As other authors have described [ Table 1 ], we agree that the decision to perform an MVD should take place after nerve decompression when the OV keeps compressing the nerve. In our experience, when an artery or a unique vein is the OV, MVD is the gold standard, but when it is a venous complex, we consider selective coagulation a more effective alternative.[ 19 ]

Zhang Z et al. described their approach to intraoperative findings in a systematic way, which we consider a good alternative for systematization during surgery. They advocate for nerve combing in cases of severe invasion of the nerve with cholesteatomatous tissue, as a simple tumoral resection won’t alleviate pain.[ 32 ] We consider that in special situations, such as when the tumoral capsule is too adhered to the nerve or there is a severe invasion of the nerve, either neuropraxia or nerve combing can be performed, according to the surgeon’s skills.[ 20 ]

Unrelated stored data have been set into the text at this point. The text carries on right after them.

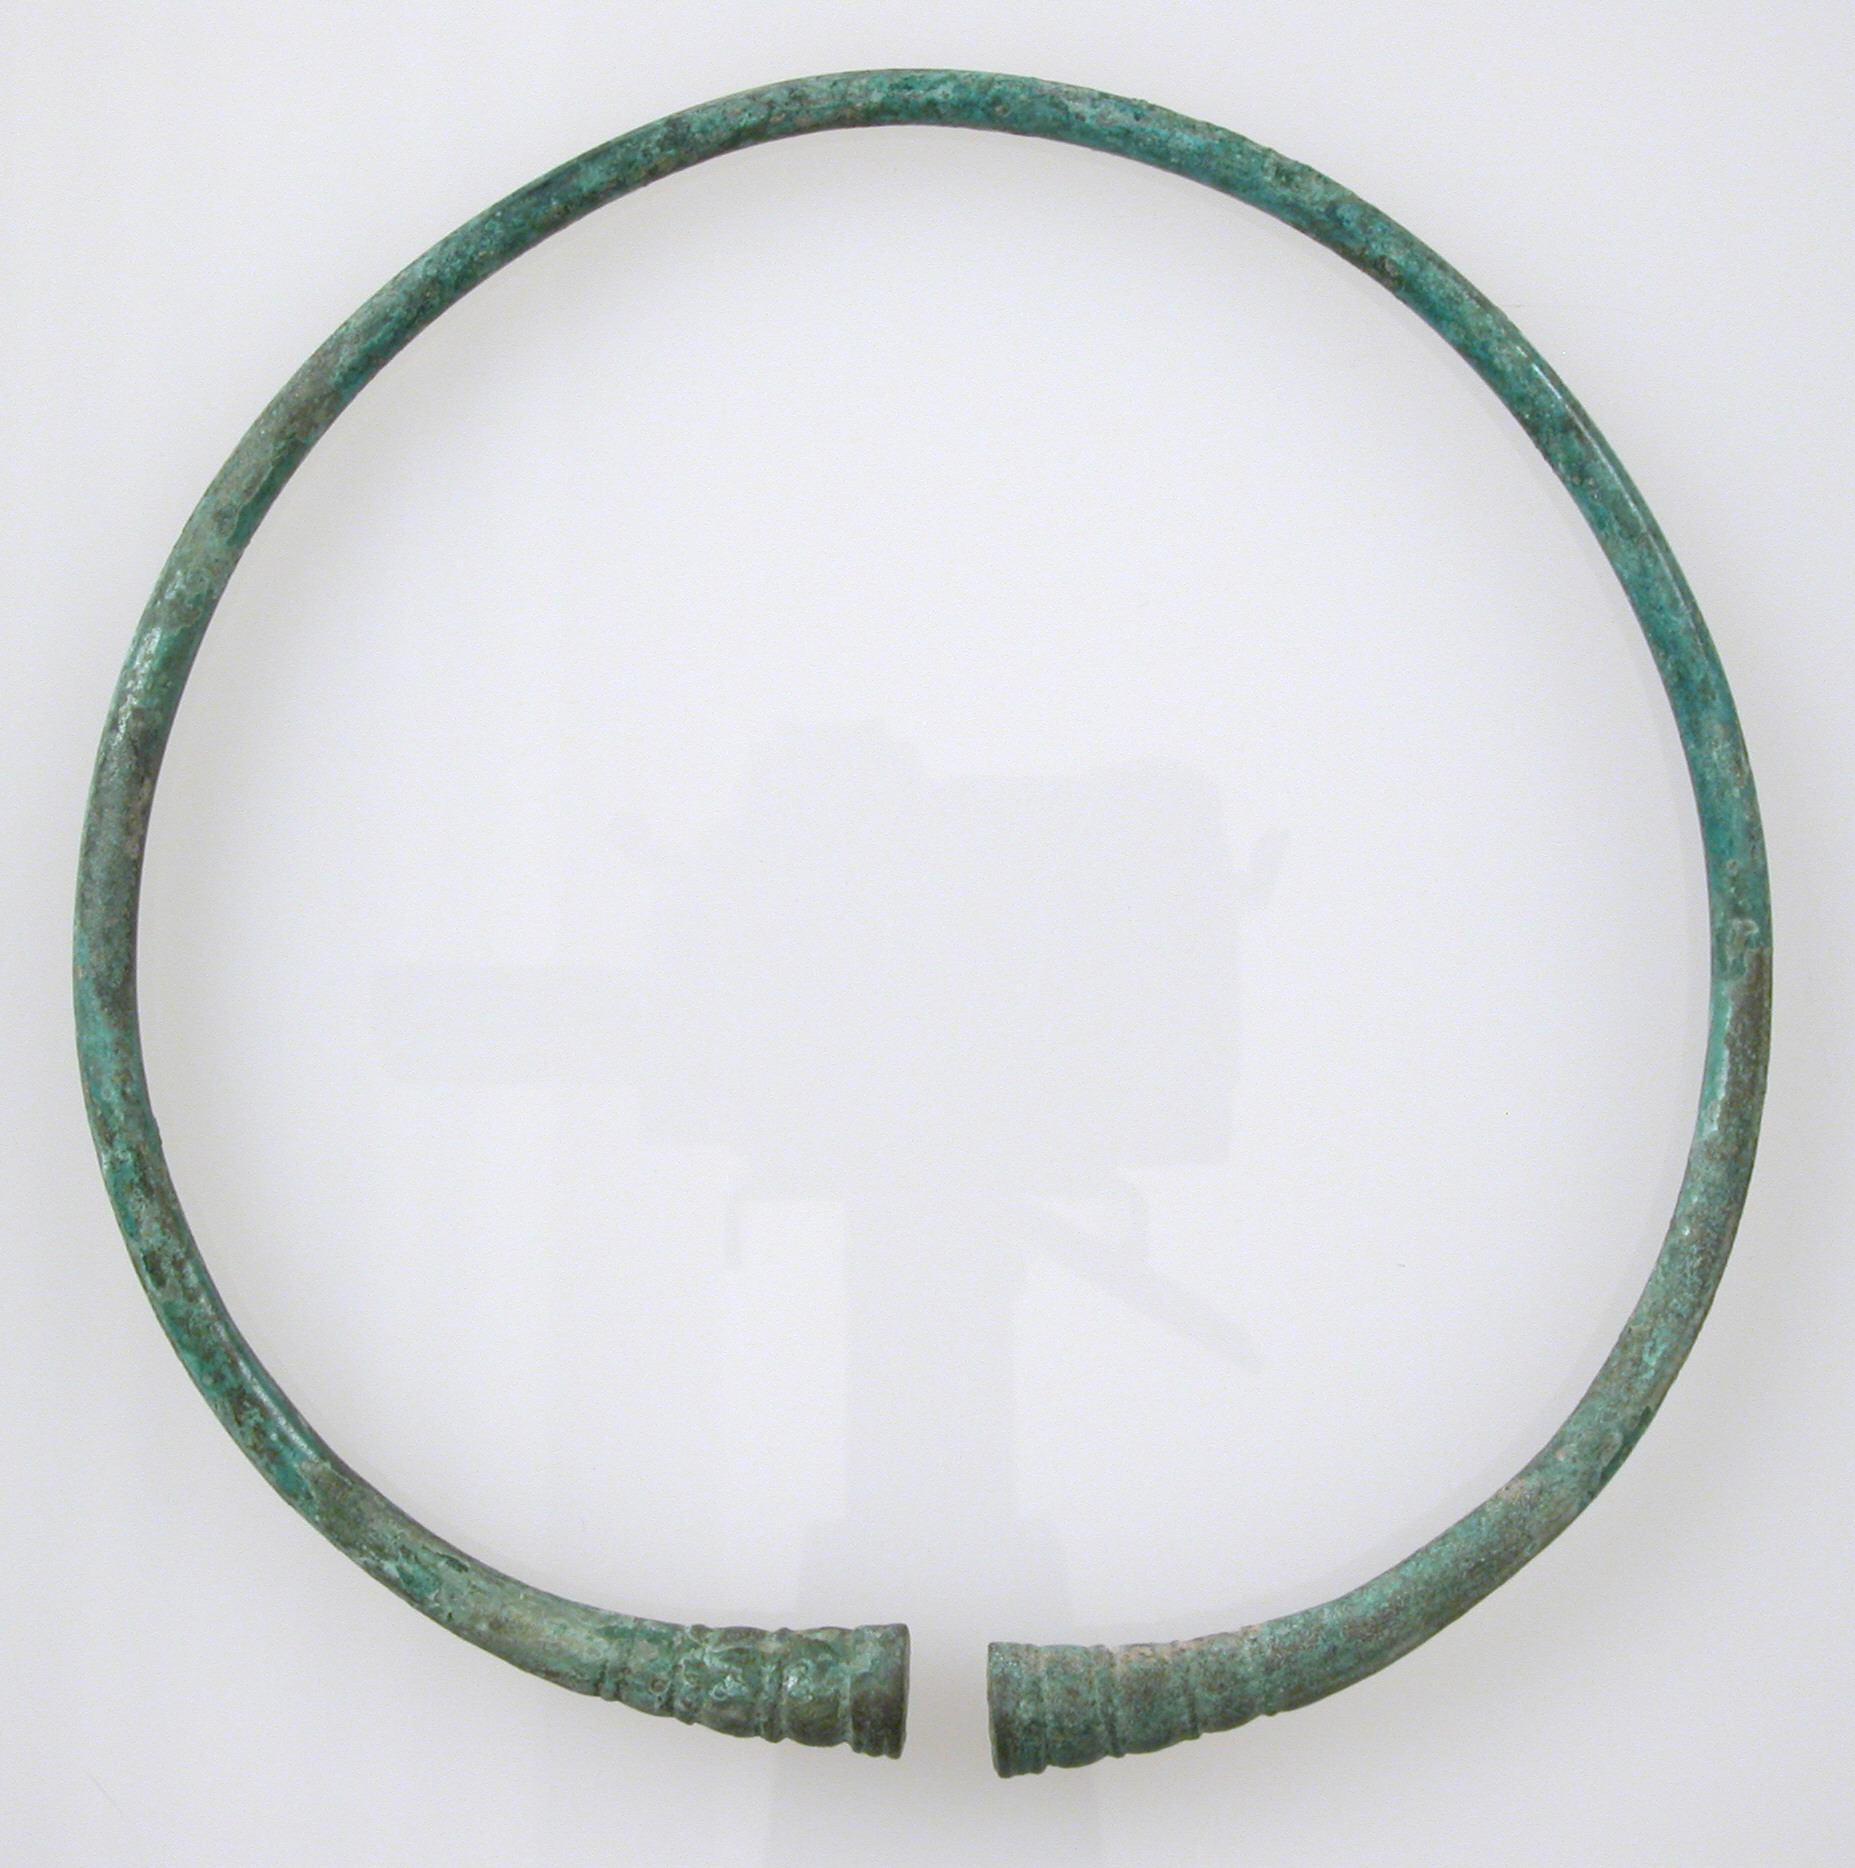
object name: torc
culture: celtic
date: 400-201 BCE
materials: copper alloy
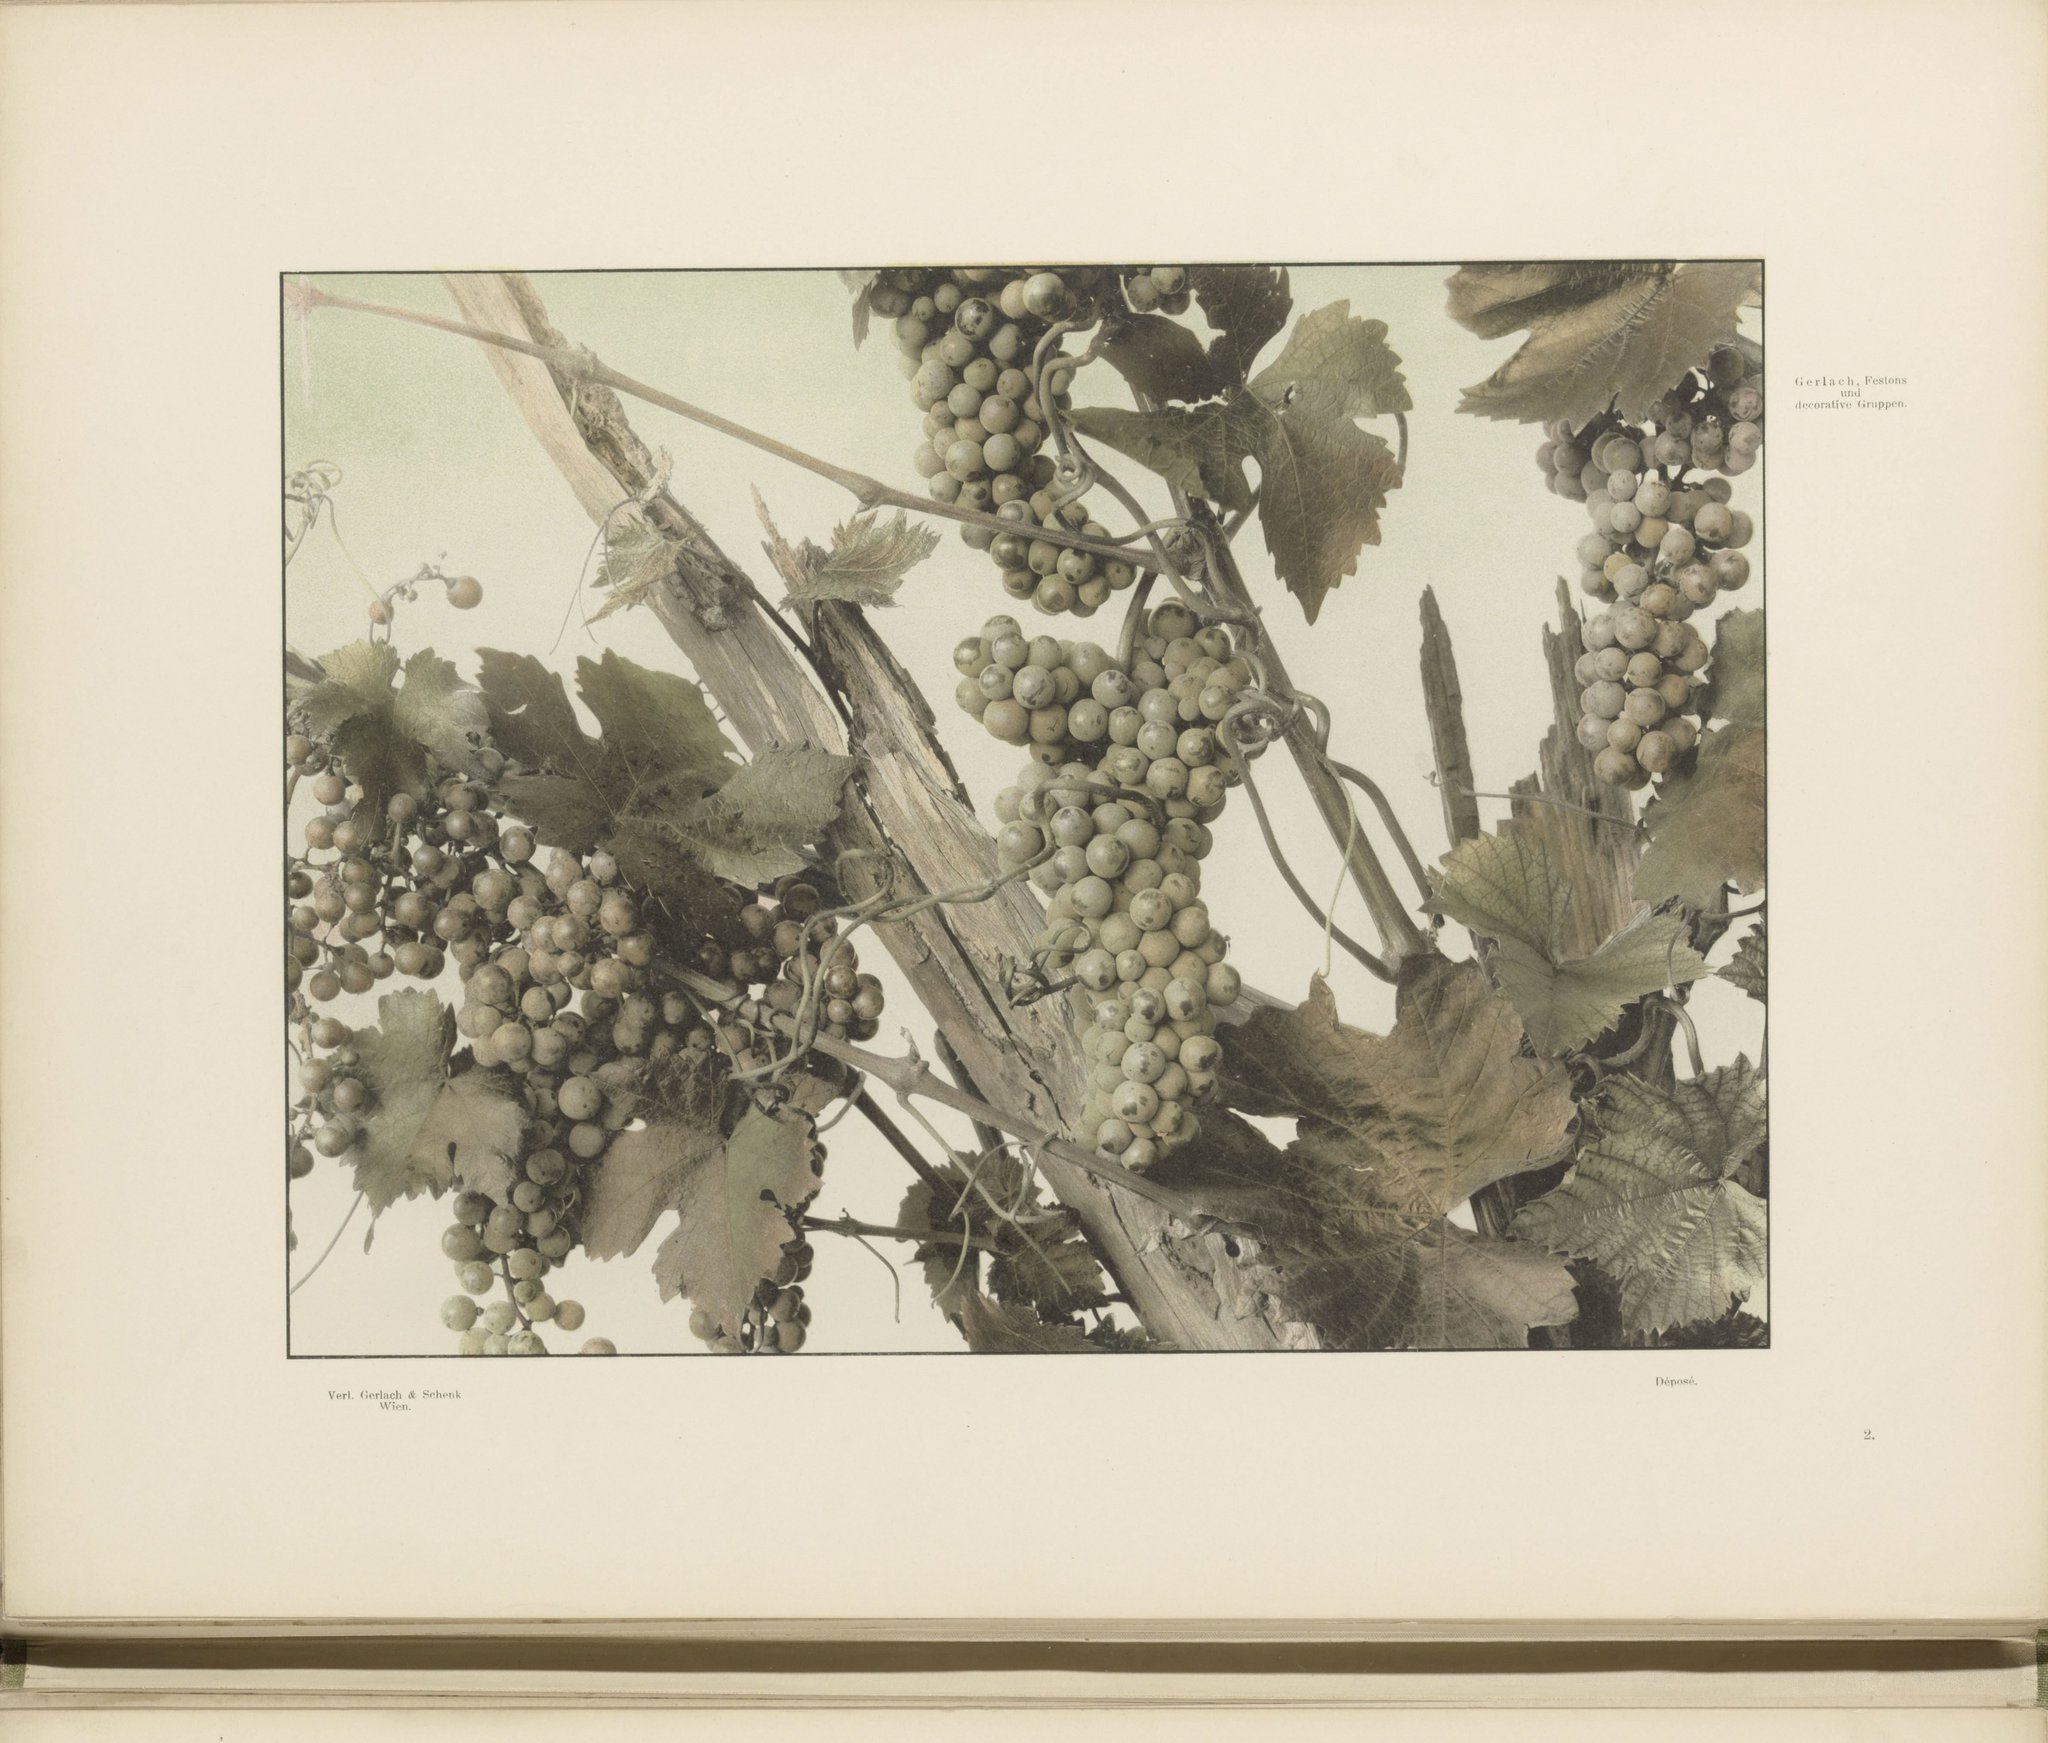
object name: photomechanical print
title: Druivenranken
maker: Anonymous
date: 1887-1897
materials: paper
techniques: photograph
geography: vienna
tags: vine, bunch of grapes
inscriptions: number: ‘2.’
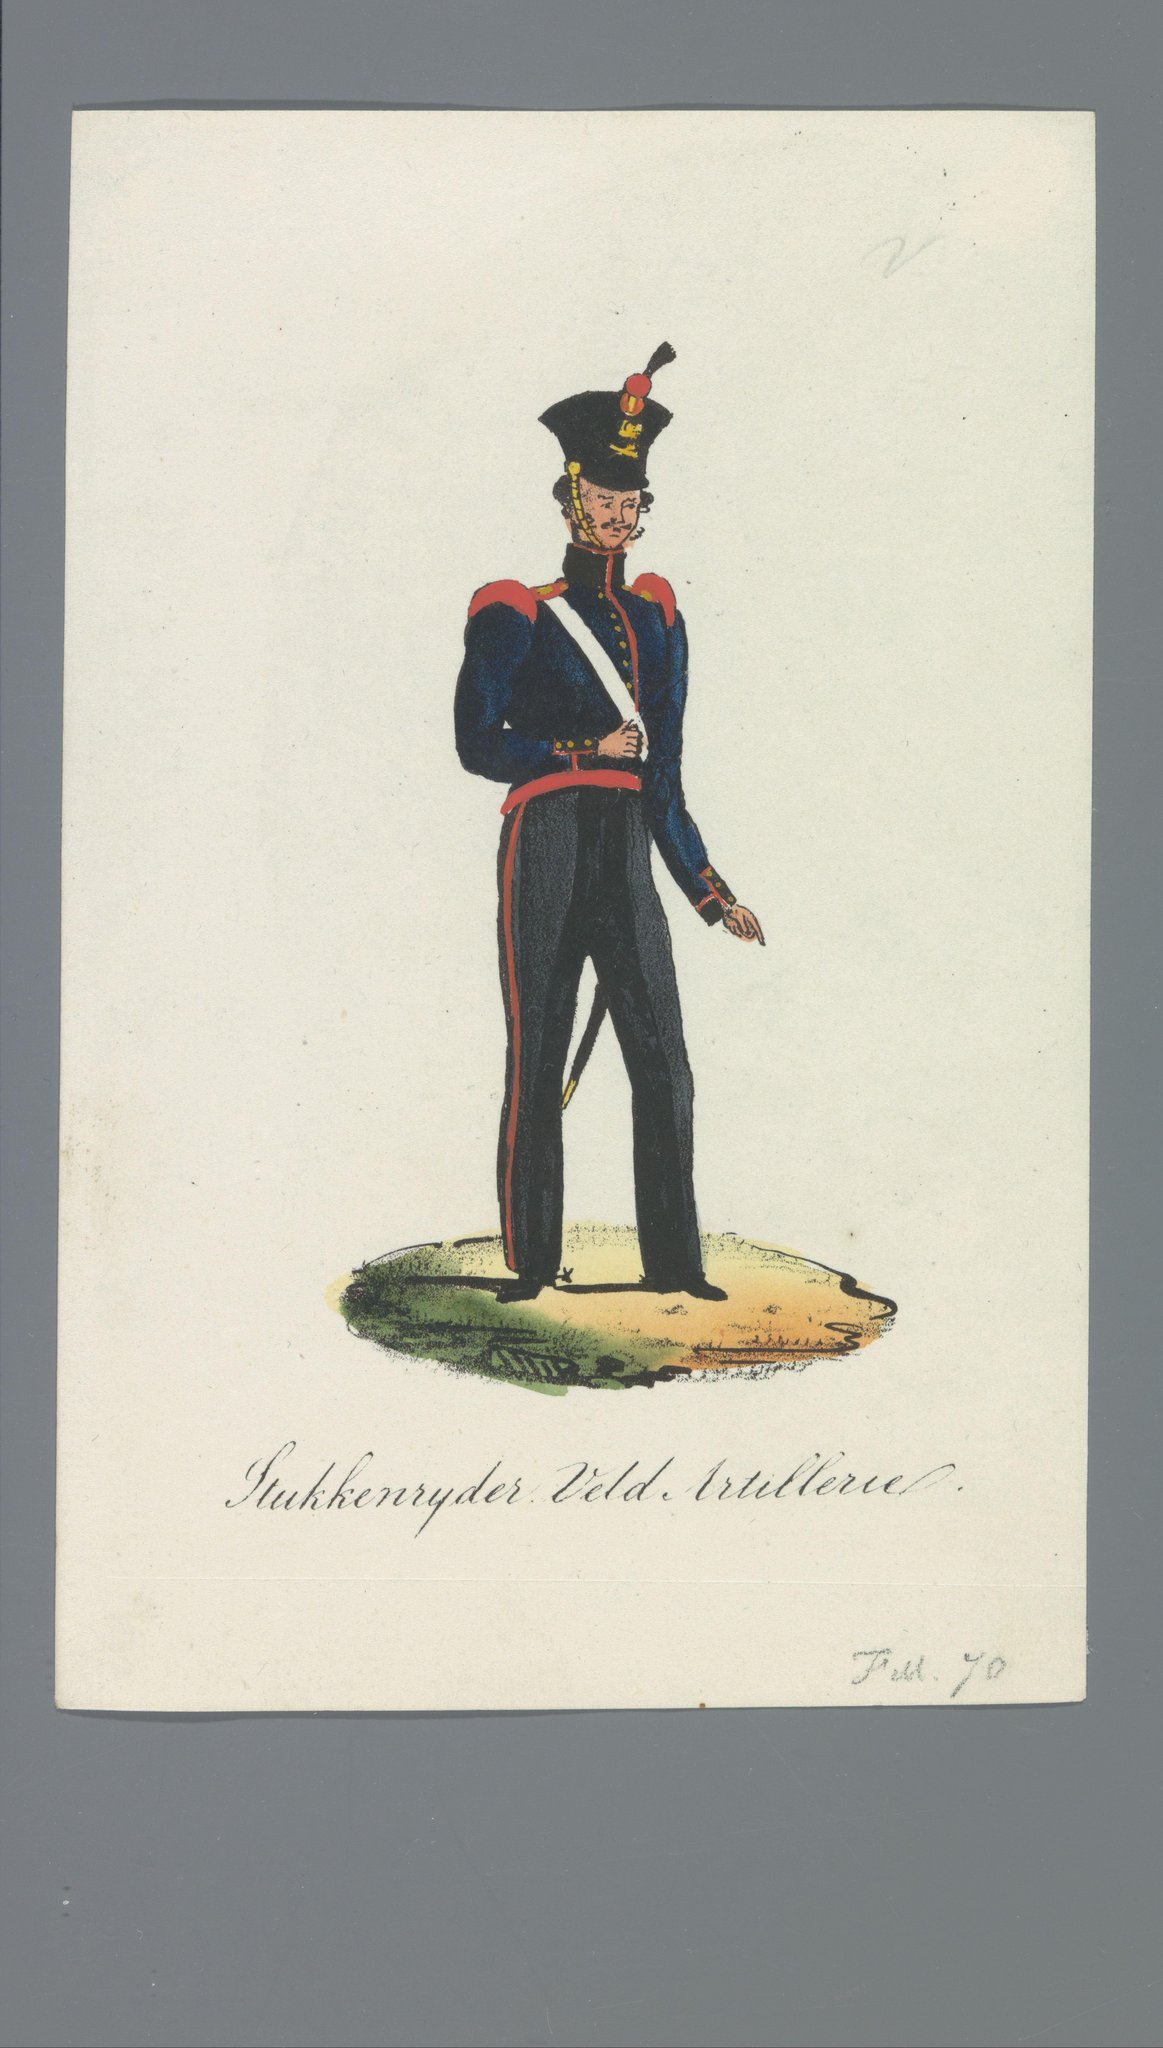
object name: costume print
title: Nederlandse militaire uniformen in de jaren 1830-1832
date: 1835-1850
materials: paper
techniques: hand coloring, lithograph
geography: netherlands
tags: (military) uniforms, clothes, costume
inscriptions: collector's mark: Lugt 2228
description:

A helpful aid in the previously mentioned cases is the endoscope, which can eliminate blind spots during tumor removal and can help spot hidden NVC. Endoscopic assistance maximizes illumination and magnification around the tip of the endoscope and with this, allows visualization of corners and microsurgical blind spots. The caveat of this tool is the potential risk of damaging delicate structures in the posterior fossa due to new blind spots found behind the rod tip. In the hands of experienced surgeons, this risk can be minimal. This tool is useful but not necessary and should be used with caution so as not to damage vital structures during its use.[ 12 ]

CONCLUSION

We operate on patients, not images. The extent of tumor and capsular resection does not solely determine a successful surgery. Instead, our primary goal is to provide symptom relief, particularly in cases of EC where the growth is typically slow and benign. Considering this, a focused approach is reasonable, especially when dealing with patients who are only presenting TN. When addressing TN, it is crucial to perform EC resection alongside an intentional search for NVC, even though NVC is rare in EC cases, as alleviation of pain relies on identifying and addressing it. As the surgery progresses, alternative surgical strategies such as neuropraxia or nerve combing might be considered in specific situations, as well as the aid of an endoscope which can be useful. but not necessary, always prioritizing patient safety.

They are his nerves, not yours.

-Dr. Revuelta GR.

Ethical approval

The Institutional Review Board approval is not required.

Declaration of patient consent

Patient’s consent not required as patient’s identity is not disclosed or compromised.

Financial support and sponsorship

Nil.

Conflicts of interest

There are no conflicts of interest.

Use of artificial intelligence (AI)-assisted technology for manuscript preparation

The authors confirm that there was no use of artificial intelligence (AI)-assisted technology for assisting in the writing or editing of the manuscript and no images were manipulated using AI.

Disclaimer

The views and opinions expressed in this article are those of the authors and do not necessarily reflect the official policy or position of the Journal or its management. The information contained in this article should not be considered to be medical advice; patients should consult their own physicians for advice as to their specific medical needs.